Collected material
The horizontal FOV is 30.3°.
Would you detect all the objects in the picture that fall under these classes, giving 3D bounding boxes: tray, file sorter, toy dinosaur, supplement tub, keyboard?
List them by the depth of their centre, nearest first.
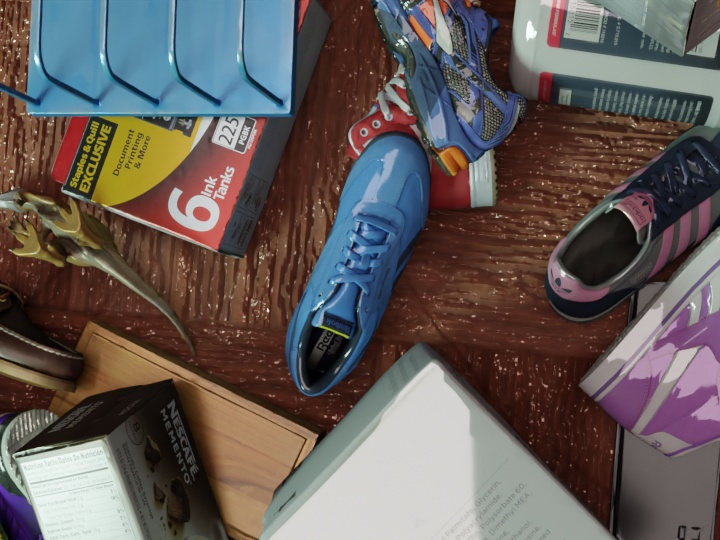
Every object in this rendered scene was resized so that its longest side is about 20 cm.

Task description
Only the lines from the one containing "List them by" through the final line of the material should appear in the answer, copied exactly and without any picture.

Expected answer
List them by the depth of their centre, nearest first.
Every object in this rendered scene was resized so that its longest side is about 20 cm.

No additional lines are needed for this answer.